__Your goal__: Line by line, retype the material exactly and leave each picture out.

__Input data__:

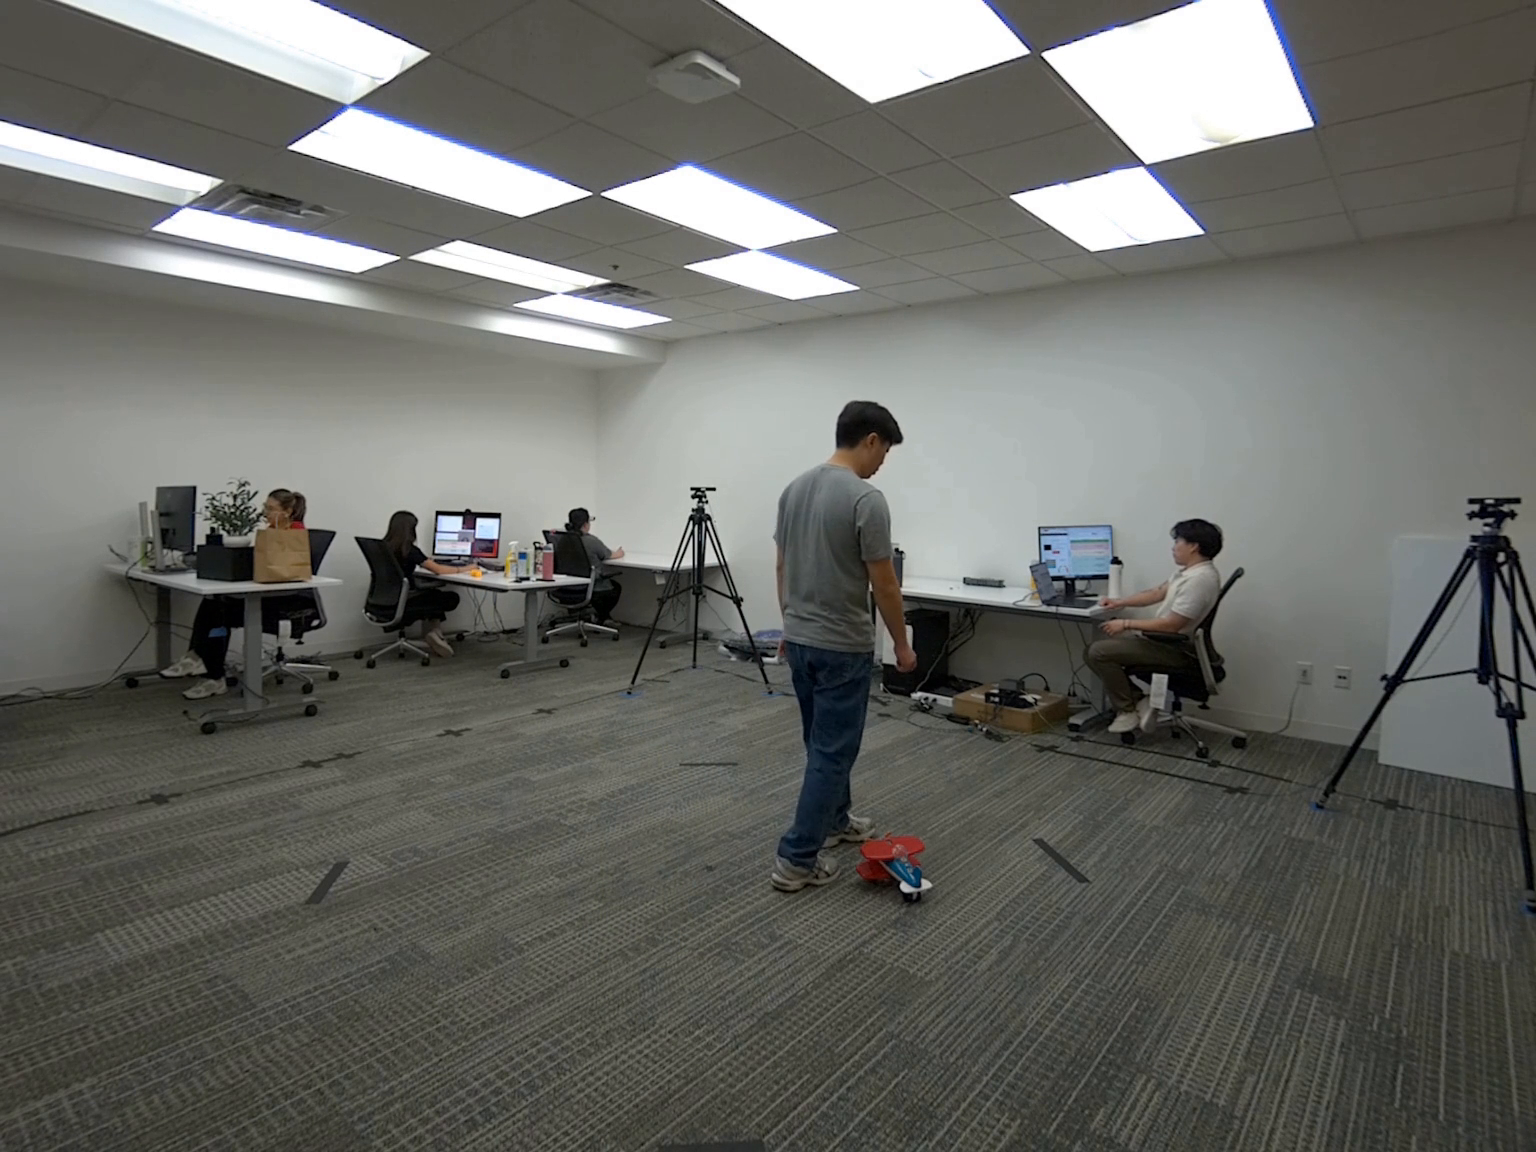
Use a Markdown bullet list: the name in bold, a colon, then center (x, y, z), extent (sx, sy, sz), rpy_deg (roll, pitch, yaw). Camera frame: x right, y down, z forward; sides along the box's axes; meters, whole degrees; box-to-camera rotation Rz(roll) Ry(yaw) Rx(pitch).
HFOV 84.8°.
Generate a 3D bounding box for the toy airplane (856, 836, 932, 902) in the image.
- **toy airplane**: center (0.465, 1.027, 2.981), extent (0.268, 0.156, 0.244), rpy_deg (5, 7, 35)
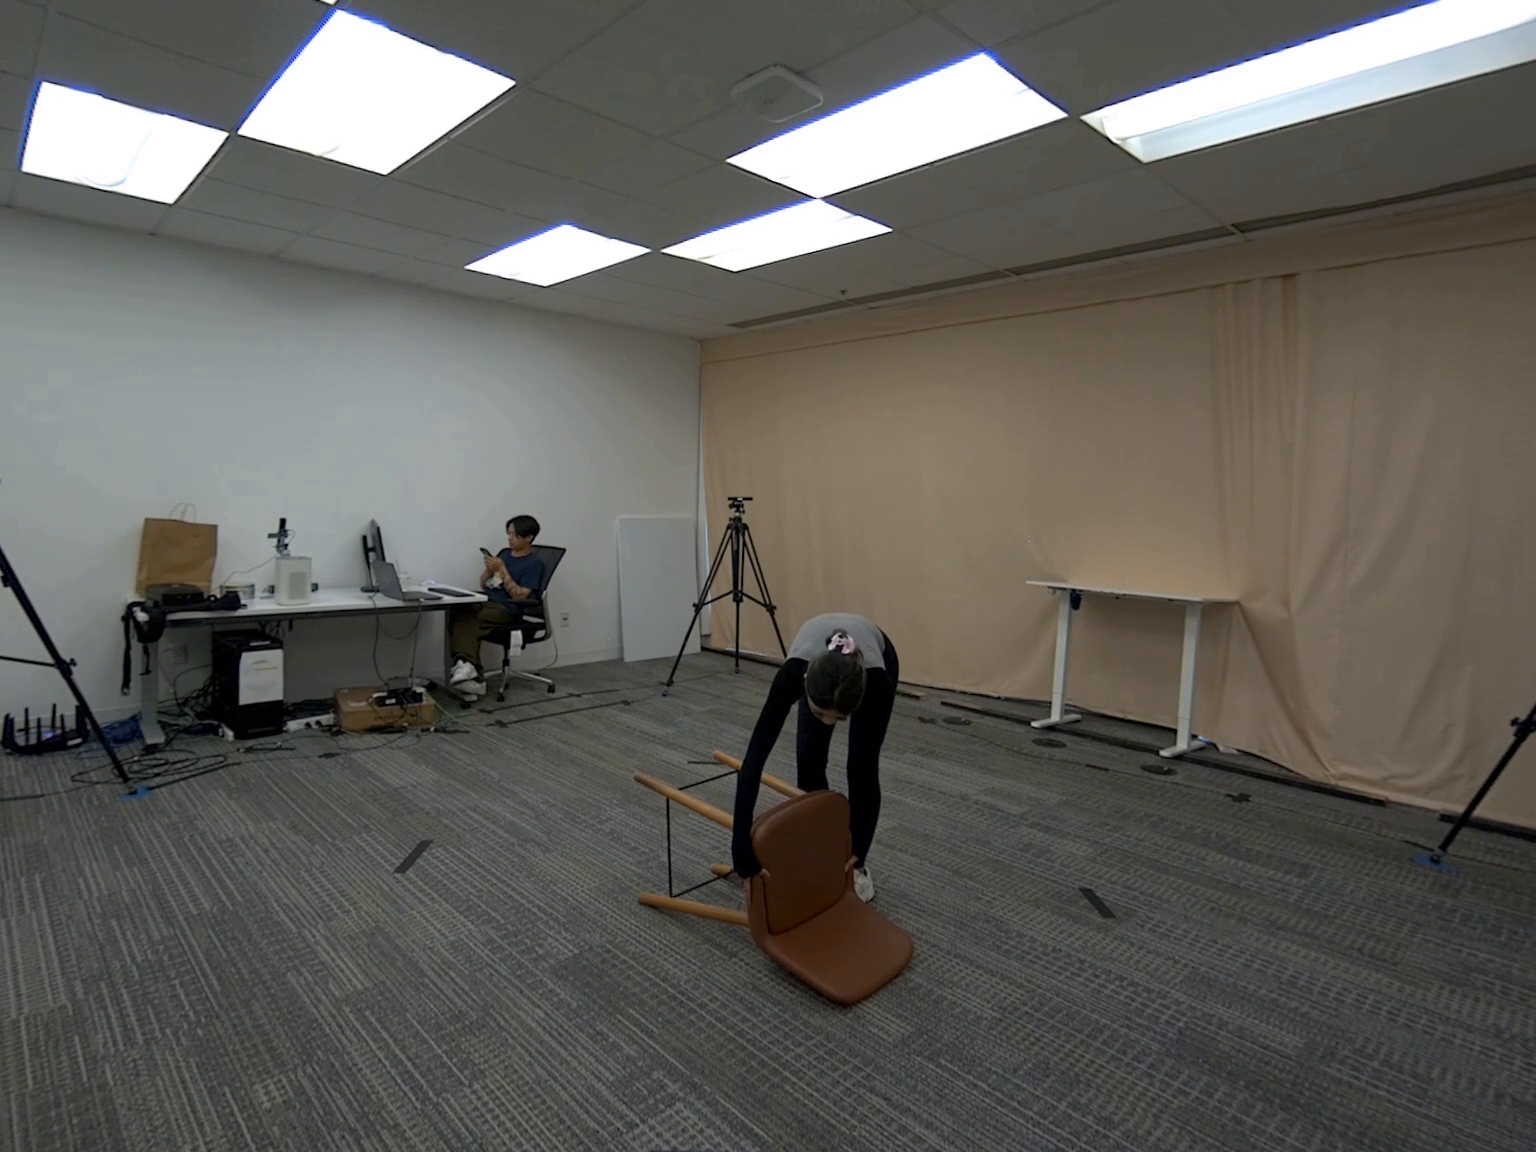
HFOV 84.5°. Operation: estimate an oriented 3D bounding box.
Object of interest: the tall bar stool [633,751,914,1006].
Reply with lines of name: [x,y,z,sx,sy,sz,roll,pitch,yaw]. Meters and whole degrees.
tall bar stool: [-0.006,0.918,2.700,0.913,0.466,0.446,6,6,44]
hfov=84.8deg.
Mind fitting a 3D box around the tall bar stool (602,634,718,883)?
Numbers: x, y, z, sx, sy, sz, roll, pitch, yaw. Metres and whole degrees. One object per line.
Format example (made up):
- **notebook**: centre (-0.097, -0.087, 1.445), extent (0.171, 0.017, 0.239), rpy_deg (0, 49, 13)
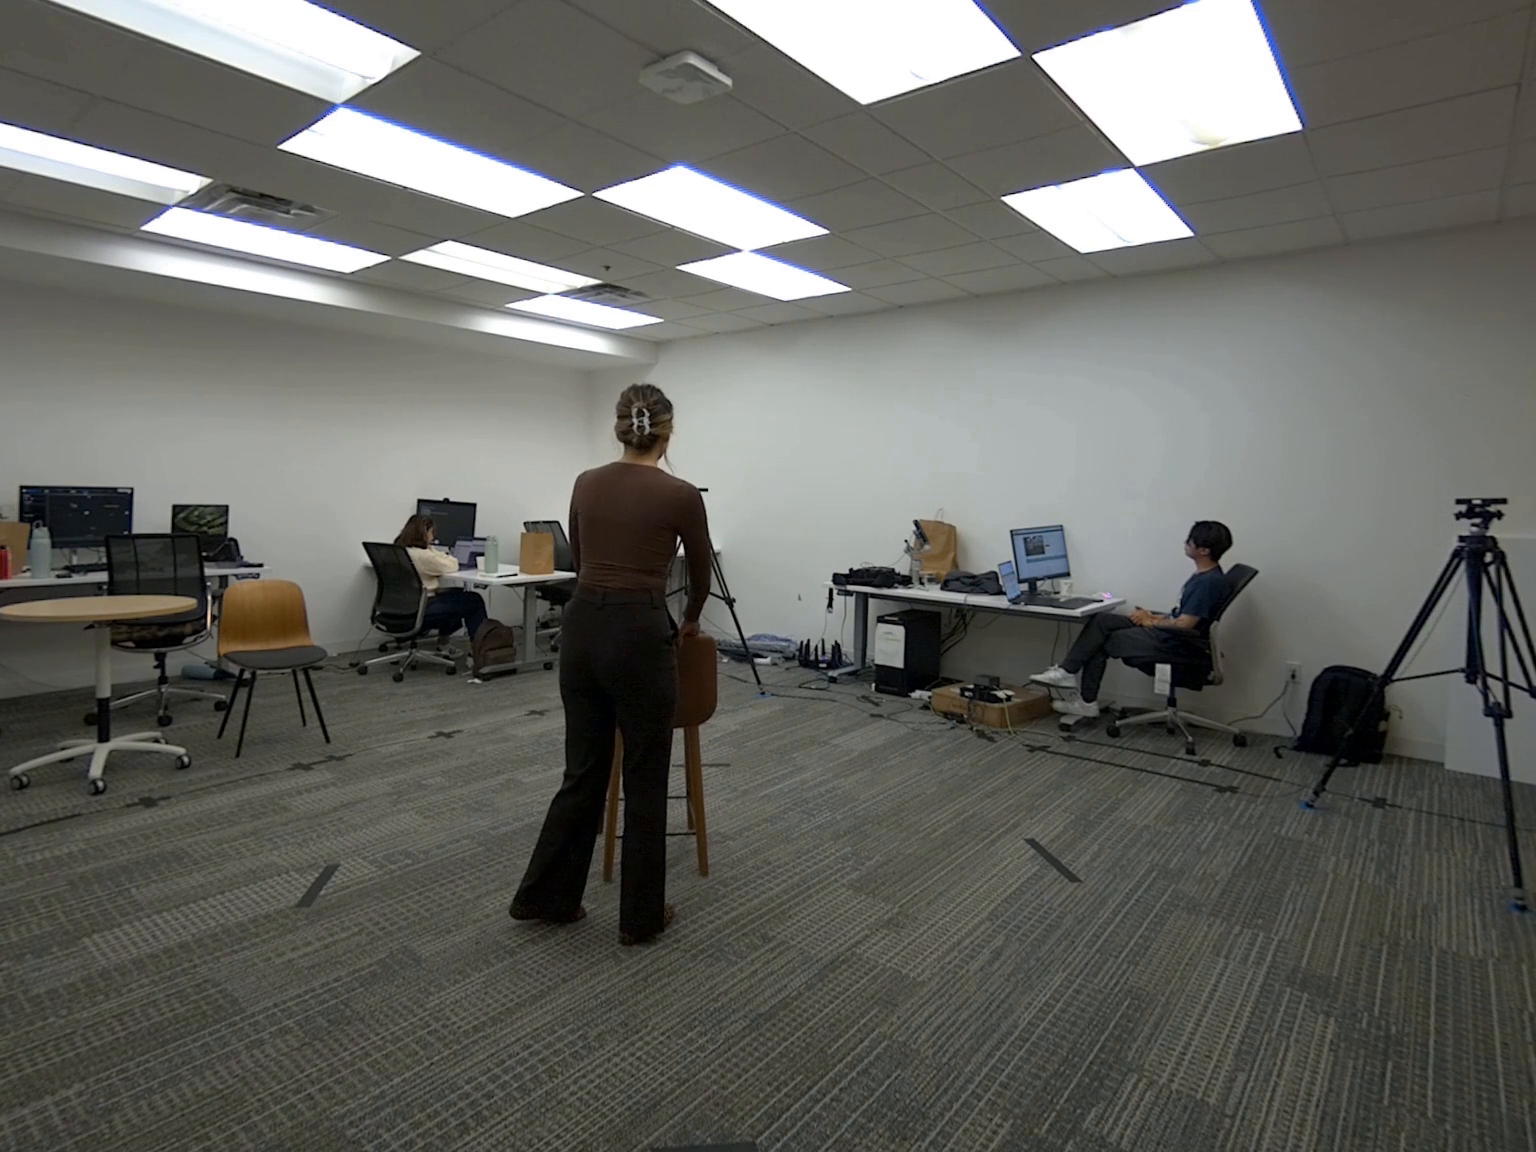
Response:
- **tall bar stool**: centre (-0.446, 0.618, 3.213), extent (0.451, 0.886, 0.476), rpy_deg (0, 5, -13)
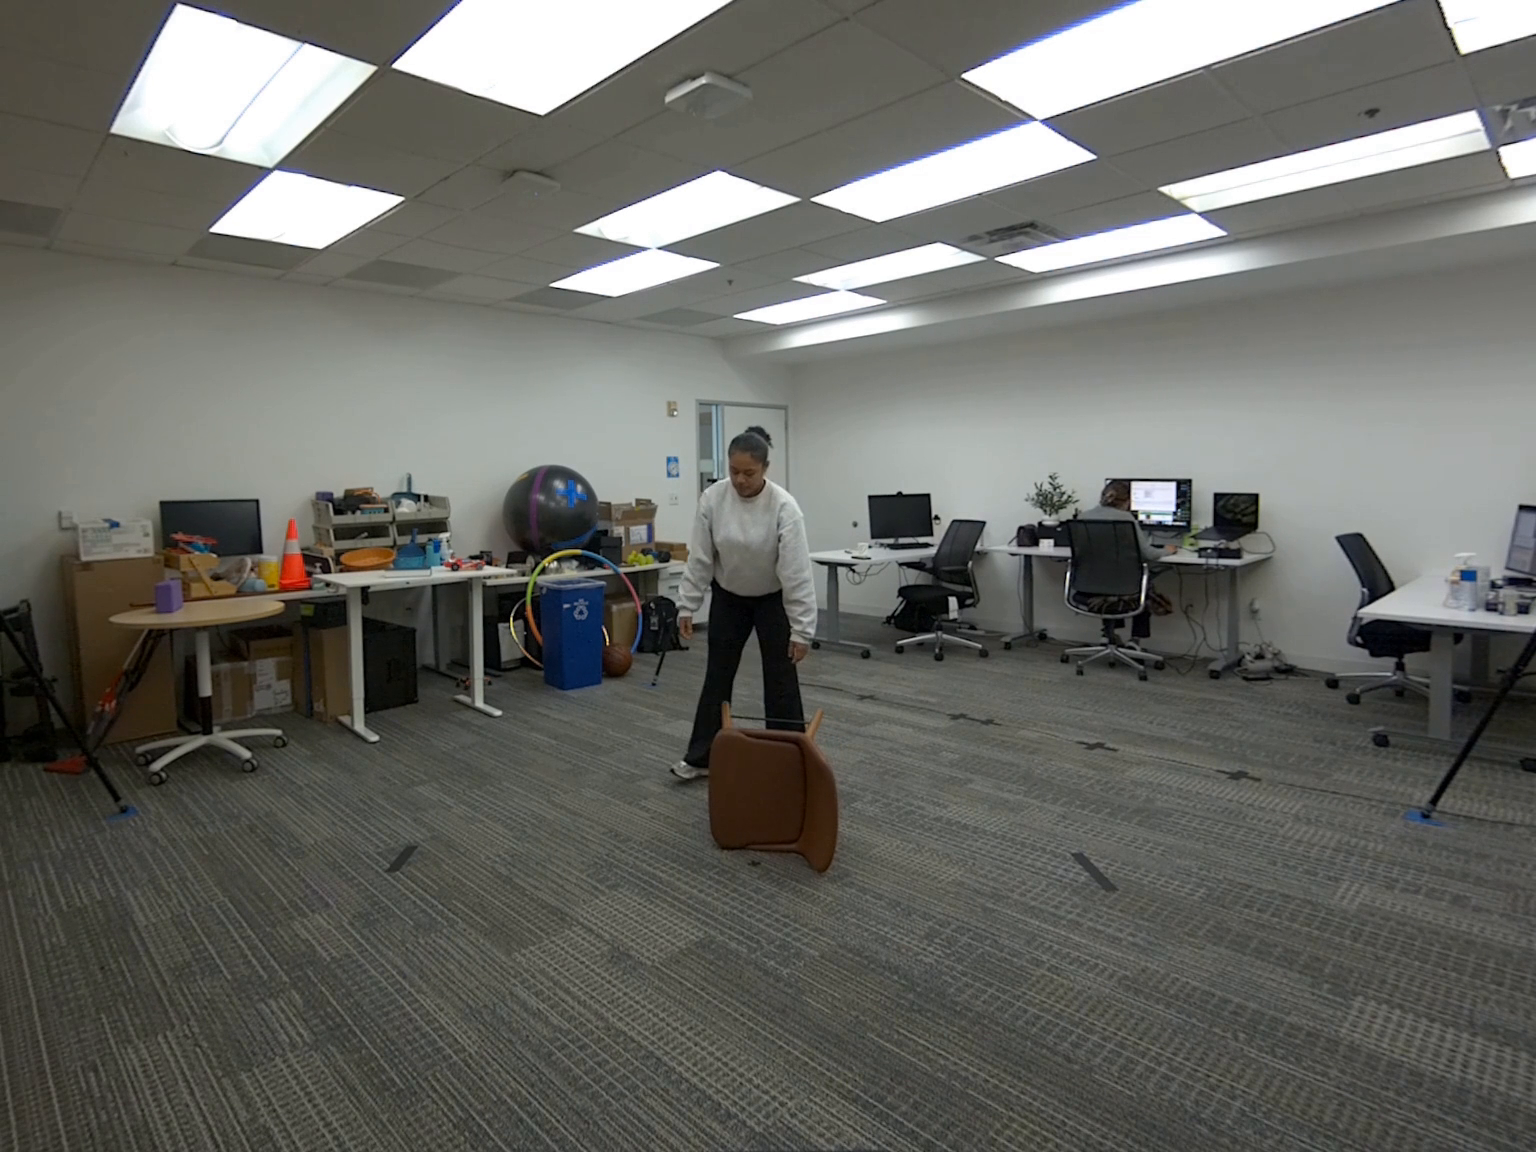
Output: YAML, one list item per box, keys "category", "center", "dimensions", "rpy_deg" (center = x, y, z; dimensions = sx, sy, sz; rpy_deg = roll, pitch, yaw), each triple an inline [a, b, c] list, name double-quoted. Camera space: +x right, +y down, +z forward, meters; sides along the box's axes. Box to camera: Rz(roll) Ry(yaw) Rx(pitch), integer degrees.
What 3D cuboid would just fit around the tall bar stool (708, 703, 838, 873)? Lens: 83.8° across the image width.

__Answer box__:
Use a Markdown bullet list: the name in bold, a colon, then center (x, y, z), extent (sx, sy, sz), rpy_deg (roll, pitch, yaw). Camera frame: x right, y down, z forward; sides along the box's axes; meters, whole degrees; box-to-camera rotation Rz(roll) Ry(yaw) Rx(pitch).
HFOV 84.8°.
Generate a 3D bounding box for the toy airplane (856, 836, 932, 902) in the image.
- **toy airplane**: center (0.465, 1.027, 2.981), extent (0.268, 0.156, 0.244), rpy_deg (5, 7, 35)
HFOV 84.5°. Operation: estimate an oriented 3D bounding box.
Object of interest: the tall bar stool [633,751,914,1006].
Reply with lines of name: [x,y,z,sx,sy,sz,roll,pitch,yaw]. Meters and whole degrees.
tall bar stool: [-0.006,0.918,2.700,0.913,0.466,0.446,6,6,44]
hfov=84.8deg.
Mind fitting a 3D box around the tall bar stool (602,634,718,883)?
Numbers: x, y, z, sx, sy, sz, roll, pitch, yaw. Metres and whole degrees. One object per line.
Format example (made up):
- **notebook**: centre (-0.097, -0.087, 1.445), extent (0.171, 0.017, 0.239), rpy_deg (0, 49, 13)
Response:
- **tall bar stool**: centre (-0.446, 0.618, 3.213), extent (0.451, 0.886, 0.476), rpy_deg (0, 5, -13)
Output: YAML, one list item per box, keys "category", "center", "dimensions", "rpy_deg" (center = x, y, z; dimensions = sx, sy, sz; rpy_deg = roll, pitch, yaw), each triple an inline [a, b, c] list, name double-quoted. Camera space: +x right, +y down, +z forward, meters; sides along the box's axes. Box to camera: Rz(roll) Ry(yaw) Rx(pitch), integer degrees.
What 3D cuboid would just fit around the tall bar stool (708, 703, 838, 873)? Lens: 83.8° across the image width.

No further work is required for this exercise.